▸ Supplied records:
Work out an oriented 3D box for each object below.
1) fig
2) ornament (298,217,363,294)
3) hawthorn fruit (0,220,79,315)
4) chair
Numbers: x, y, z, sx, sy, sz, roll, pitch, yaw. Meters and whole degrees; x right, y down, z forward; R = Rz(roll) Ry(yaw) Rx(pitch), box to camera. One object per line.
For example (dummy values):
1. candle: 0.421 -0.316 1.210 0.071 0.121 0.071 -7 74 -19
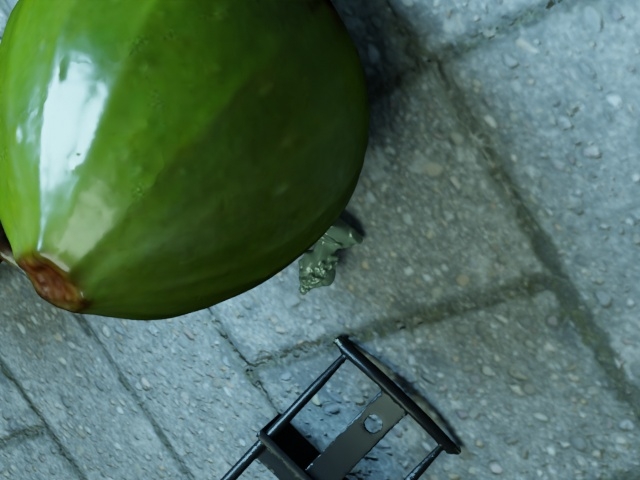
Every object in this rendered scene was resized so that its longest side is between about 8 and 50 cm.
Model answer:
1. fig: -0.120 -0.079 1.006 0.316 0.316 0.316 21 132 26
2. ornament: 0.001 -0.003 1.170 0.068 0.041 0.092 -7 106 35
3. hawthorn fruit: -0.403 -0.050 1.338 0.263 0.231 0.235 -14 144 7
4. chair: -0.008 0.231 1.290 0.154 0.141 0.260 43 93 4

▸ The problem: Within the entries above, report how many lines contain the word "object"; the figure is all that is wanted.

▸ Result for this task: 3